TASK TO COMPLETE: Every line below that holds "Drums" must be copied.

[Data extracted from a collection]
== == ==

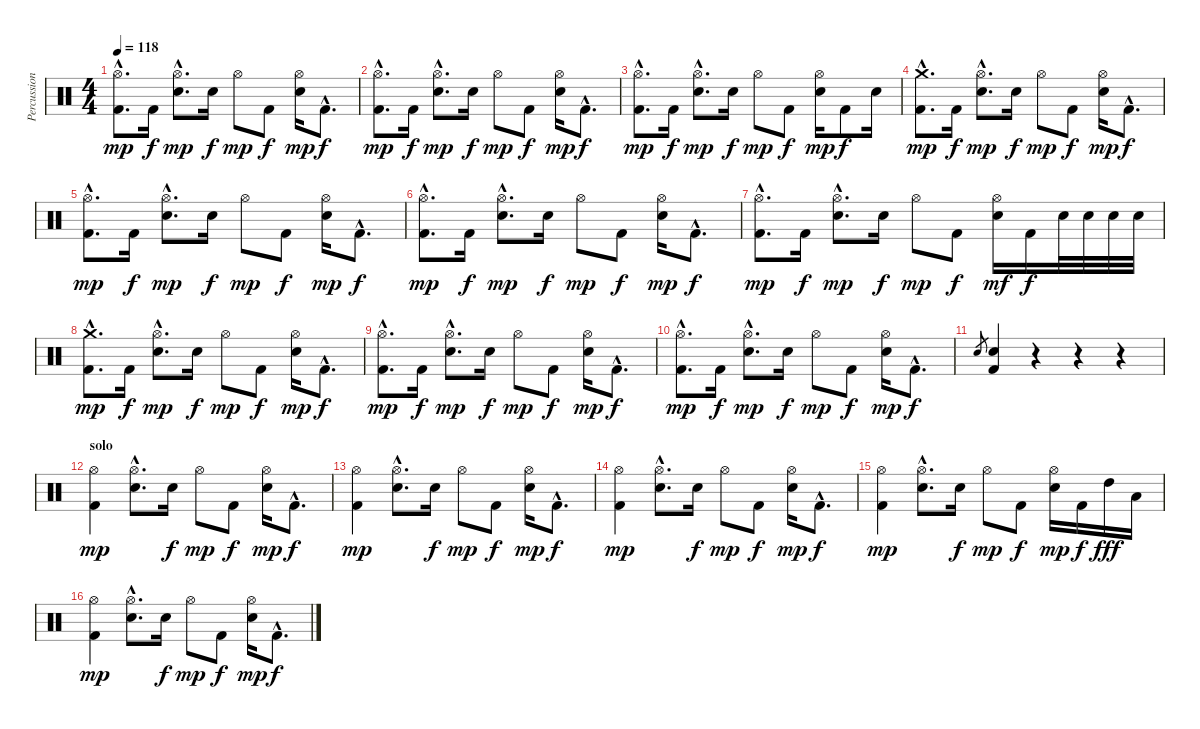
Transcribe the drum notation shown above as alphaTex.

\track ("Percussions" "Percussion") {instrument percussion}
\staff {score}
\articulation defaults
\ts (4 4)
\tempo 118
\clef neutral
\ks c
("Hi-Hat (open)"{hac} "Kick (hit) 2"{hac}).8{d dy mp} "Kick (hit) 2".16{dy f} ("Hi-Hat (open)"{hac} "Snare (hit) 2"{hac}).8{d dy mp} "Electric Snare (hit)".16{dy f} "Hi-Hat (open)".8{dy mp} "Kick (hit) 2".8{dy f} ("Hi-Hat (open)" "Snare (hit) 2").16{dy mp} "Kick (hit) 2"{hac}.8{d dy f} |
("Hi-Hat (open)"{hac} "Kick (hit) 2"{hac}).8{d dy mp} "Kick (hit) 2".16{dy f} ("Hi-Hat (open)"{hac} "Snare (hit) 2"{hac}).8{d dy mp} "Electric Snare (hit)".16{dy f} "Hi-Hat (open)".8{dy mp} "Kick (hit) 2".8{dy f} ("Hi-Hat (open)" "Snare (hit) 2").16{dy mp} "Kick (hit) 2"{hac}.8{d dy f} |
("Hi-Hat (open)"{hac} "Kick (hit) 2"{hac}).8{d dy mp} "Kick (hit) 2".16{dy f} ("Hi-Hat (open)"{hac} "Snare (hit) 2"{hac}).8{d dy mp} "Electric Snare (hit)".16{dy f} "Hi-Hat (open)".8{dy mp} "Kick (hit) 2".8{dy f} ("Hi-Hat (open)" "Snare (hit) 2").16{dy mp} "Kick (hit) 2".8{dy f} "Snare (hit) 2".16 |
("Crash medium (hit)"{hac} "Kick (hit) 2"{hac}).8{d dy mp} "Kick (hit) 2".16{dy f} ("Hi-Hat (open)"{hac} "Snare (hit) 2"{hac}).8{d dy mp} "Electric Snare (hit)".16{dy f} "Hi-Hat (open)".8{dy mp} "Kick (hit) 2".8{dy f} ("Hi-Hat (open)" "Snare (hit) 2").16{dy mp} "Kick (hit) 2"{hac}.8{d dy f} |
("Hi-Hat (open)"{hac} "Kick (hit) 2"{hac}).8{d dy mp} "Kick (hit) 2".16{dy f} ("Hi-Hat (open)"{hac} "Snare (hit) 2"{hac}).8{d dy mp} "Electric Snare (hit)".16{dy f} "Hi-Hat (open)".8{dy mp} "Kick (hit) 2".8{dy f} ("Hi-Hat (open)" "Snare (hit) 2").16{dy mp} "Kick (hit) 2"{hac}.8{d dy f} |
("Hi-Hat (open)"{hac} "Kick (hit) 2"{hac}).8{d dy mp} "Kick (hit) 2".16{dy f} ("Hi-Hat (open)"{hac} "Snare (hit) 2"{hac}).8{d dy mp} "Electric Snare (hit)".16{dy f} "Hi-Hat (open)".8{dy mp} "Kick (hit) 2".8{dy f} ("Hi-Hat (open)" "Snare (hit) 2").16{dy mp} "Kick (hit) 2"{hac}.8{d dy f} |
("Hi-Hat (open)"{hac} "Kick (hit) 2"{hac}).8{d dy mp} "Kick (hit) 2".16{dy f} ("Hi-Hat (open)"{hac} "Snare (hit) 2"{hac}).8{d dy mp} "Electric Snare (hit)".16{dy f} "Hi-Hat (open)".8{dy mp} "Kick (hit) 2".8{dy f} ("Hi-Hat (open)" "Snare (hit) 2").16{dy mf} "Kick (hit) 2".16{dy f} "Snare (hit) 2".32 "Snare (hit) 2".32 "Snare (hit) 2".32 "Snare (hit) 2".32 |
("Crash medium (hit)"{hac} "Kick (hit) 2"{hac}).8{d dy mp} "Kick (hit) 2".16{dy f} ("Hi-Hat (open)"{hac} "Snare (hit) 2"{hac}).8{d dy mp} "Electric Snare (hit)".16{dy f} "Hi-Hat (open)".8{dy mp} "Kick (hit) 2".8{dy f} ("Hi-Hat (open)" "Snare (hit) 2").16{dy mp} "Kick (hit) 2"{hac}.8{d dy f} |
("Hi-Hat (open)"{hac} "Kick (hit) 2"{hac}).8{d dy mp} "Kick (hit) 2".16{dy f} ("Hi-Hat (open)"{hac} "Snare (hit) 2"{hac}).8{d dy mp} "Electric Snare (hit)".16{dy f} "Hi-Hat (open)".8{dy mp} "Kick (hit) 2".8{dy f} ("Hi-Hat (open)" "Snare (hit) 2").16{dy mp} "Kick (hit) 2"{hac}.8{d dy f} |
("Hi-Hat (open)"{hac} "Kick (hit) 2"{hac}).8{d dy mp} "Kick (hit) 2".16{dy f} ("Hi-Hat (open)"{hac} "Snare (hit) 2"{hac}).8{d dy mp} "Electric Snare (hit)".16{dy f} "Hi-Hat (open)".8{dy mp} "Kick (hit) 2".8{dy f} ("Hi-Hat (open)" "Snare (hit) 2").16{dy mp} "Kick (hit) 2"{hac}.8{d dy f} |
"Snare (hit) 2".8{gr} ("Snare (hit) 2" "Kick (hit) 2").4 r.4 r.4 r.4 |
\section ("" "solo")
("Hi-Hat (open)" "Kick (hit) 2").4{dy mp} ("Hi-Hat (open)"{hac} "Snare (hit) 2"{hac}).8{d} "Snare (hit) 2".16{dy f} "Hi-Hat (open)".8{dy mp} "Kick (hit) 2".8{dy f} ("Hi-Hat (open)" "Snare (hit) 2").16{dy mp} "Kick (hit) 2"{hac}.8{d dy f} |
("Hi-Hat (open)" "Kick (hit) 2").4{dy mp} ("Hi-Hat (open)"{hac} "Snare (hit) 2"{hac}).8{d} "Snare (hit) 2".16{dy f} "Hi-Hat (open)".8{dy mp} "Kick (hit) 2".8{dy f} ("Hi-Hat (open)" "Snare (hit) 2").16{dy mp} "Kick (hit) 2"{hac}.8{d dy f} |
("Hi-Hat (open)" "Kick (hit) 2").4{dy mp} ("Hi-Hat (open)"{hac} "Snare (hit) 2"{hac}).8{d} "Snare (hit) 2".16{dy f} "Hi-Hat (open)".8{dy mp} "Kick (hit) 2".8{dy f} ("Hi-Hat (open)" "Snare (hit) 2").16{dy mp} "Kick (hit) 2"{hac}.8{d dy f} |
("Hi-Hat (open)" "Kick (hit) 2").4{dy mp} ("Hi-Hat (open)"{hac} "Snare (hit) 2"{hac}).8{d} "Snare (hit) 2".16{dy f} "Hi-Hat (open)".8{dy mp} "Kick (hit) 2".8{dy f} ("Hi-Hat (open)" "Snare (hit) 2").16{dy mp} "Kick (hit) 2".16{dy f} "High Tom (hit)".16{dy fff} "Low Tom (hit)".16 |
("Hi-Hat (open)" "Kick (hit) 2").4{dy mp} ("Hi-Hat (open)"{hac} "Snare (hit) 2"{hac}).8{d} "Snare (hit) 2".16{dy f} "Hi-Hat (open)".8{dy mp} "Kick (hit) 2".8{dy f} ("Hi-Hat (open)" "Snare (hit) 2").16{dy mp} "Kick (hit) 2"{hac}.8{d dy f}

== == ==

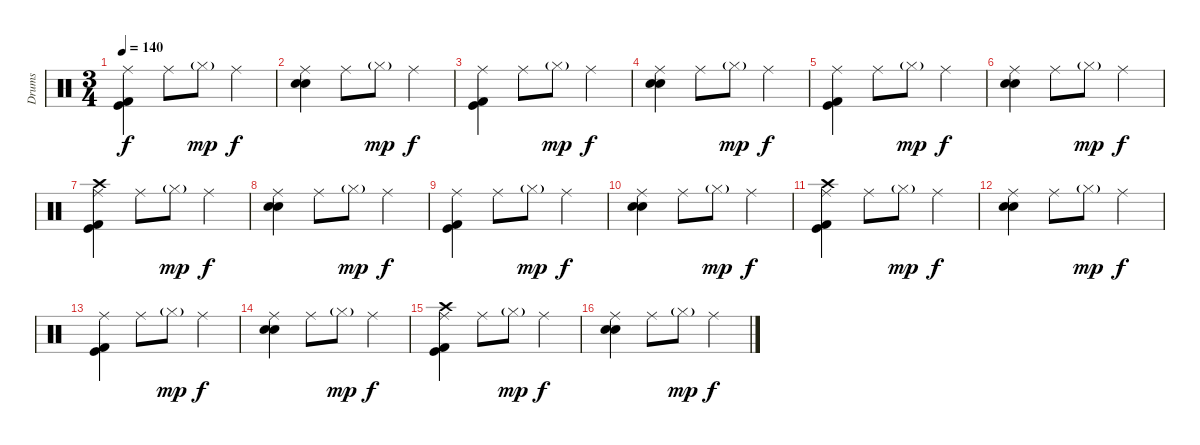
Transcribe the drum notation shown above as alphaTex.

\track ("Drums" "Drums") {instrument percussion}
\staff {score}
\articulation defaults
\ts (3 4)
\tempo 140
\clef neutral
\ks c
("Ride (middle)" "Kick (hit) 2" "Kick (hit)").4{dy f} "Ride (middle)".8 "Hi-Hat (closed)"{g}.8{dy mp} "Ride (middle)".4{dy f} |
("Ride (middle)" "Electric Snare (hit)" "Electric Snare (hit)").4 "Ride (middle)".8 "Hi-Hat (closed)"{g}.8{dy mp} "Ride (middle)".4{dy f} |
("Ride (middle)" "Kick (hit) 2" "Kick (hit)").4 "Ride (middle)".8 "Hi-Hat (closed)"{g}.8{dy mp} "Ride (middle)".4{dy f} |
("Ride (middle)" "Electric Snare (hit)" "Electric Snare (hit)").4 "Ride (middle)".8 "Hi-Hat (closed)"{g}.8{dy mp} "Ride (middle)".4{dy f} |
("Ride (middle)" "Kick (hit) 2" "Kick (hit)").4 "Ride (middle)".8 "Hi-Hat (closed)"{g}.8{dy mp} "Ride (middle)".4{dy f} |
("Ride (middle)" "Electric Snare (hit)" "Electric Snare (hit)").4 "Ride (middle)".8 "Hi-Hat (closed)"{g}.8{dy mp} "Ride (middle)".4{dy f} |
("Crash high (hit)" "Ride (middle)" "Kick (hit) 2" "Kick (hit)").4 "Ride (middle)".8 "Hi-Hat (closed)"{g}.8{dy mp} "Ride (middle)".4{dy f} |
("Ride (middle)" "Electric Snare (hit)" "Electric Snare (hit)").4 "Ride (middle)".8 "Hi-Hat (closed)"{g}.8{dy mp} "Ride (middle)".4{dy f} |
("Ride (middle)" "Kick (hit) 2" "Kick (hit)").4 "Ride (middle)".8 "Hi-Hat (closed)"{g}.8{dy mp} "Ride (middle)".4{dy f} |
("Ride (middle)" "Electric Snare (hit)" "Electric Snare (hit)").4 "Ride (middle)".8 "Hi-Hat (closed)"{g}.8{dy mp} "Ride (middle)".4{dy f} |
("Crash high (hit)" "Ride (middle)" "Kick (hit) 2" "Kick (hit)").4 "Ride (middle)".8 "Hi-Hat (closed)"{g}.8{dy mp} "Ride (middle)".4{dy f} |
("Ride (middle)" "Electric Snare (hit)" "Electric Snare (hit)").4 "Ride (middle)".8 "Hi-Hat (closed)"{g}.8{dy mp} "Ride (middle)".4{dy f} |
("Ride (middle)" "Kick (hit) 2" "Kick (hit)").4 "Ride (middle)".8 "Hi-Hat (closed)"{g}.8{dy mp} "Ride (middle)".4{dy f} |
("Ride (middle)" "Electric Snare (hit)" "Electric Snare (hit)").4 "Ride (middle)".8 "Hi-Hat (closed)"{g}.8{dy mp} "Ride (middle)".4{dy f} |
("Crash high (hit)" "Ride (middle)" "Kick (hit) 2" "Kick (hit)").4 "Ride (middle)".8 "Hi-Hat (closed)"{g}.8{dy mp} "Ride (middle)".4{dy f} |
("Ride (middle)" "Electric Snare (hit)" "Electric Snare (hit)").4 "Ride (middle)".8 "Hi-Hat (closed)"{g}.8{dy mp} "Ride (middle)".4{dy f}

== == ==

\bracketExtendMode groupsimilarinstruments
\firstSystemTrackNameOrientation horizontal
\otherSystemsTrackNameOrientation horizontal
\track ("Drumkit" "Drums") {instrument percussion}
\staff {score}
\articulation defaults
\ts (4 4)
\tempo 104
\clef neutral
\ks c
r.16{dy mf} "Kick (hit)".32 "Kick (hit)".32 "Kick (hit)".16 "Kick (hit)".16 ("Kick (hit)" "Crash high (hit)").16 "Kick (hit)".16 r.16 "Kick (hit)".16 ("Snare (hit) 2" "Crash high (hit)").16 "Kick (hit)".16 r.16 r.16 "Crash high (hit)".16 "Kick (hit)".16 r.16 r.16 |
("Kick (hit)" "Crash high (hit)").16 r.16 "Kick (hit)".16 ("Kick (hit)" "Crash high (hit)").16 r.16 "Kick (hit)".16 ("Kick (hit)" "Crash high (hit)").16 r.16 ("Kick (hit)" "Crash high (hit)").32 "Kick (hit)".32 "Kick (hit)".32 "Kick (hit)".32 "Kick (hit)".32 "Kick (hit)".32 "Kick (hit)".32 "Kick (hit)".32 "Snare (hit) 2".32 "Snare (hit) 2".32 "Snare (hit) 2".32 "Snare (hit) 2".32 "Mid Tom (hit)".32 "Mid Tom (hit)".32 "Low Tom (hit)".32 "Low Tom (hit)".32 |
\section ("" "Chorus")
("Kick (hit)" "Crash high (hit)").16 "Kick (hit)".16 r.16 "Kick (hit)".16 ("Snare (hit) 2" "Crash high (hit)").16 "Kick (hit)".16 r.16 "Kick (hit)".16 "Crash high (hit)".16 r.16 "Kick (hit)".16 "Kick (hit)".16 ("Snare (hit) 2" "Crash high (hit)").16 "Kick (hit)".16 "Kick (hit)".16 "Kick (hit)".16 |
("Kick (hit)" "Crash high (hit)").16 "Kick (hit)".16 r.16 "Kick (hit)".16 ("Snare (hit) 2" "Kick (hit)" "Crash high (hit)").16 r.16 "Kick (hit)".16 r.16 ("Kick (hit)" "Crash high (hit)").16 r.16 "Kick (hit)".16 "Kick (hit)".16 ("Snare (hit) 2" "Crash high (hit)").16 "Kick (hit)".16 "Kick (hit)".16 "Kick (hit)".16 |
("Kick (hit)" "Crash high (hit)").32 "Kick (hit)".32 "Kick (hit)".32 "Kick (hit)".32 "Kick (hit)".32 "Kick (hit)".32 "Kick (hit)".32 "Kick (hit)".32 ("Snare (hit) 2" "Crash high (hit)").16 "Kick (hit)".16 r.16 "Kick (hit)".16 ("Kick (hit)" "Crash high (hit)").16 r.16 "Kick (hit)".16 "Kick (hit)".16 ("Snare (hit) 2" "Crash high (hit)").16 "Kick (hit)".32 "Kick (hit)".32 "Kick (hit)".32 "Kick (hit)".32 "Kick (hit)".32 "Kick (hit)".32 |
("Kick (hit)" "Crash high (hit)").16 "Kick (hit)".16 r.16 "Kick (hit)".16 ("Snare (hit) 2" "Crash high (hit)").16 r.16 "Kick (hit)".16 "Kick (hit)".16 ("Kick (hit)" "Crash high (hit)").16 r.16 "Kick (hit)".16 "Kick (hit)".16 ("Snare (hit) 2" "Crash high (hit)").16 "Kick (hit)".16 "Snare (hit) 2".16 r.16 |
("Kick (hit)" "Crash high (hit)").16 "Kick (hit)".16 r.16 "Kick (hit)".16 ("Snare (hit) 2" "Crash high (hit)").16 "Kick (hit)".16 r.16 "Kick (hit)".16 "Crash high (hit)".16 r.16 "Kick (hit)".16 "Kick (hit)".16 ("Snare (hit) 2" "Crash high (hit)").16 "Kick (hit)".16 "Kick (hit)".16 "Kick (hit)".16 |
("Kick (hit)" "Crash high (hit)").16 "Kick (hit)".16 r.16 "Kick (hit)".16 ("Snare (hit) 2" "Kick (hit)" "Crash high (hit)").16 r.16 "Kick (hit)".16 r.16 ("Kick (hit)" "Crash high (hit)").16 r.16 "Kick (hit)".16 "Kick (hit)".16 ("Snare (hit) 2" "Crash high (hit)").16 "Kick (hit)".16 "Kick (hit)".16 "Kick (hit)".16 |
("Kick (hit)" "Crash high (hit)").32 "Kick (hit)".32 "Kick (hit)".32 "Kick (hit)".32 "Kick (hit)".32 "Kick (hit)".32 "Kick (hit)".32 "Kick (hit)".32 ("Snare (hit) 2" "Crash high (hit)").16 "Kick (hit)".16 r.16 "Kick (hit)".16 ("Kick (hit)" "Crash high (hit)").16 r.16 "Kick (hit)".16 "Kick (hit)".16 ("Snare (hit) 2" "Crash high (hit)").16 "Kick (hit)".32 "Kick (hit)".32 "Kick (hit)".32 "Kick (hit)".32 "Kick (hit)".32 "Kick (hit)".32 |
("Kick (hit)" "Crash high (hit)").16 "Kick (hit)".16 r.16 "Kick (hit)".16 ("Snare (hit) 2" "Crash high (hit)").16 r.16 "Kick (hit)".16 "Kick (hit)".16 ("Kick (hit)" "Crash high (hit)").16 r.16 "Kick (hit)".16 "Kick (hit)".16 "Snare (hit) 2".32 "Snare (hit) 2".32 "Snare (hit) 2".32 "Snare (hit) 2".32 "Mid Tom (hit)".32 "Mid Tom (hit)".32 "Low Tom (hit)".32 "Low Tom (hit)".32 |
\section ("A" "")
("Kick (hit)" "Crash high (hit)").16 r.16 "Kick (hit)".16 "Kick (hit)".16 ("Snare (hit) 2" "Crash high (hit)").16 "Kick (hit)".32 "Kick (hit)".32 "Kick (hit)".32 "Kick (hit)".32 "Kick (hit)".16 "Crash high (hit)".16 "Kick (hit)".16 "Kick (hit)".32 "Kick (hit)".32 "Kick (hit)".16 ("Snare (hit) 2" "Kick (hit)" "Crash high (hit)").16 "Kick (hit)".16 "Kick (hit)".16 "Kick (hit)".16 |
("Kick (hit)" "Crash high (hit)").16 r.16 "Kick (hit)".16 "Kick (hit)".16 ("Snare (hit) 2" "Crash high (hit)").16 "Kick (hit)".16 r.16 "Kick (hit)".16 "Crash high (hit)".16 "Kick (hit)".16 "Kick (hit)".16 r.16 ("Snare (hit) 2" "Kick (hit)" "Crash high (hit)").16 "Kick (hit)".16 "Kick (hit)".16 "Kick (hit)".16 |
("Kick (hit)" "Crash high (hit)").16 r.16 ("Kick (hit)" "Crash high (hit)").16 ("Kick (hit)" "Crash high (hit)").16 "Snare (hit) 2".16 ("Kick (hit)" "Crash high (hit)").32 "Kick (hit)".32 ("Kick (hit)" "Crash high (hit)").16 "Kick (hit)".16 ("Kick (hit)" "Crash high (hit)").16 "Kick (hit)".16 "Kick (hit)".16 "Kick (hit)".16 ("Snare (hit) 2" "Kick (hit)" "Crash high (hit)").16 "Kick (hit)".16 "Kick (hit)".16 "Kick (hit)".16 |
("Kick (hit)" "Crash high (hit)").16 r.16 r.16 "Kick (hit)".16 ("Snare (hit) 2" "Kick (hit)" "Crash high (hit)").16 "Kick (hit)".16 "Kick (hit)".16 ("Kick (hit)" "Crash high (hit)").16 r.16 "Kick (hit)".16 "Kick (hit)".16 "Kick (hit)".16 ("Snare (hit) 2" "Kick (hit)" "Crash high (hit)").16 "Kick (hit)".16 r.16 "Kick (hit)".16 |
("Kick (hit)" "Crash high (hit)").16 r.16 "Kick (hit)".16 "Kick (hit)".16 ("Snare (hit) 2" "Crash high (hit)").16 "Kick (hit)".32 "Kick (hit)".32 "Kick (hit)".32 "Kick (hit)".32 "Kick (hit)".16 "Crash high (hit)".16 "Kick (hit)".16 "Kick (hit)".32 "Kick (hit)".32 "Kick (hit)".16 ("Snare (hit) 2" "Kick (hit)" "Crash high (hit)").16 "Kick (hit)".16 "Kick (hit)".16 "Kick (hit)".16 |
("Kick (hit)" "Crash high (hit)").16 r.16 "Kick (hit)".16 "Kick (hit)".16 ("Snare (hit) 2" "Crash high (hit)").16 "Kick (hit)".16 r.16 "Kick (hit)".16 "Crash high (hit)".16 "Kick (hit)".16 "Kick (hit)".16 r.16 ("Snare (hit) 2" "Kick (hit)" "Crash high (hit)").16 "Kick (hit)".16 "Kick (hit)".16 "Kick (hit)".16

== == ==

TASK RESPONSE:
\track ("Drums" "Drums") {instrument percussion}
\track ("Drumkit" "Drums") {instrument percussion}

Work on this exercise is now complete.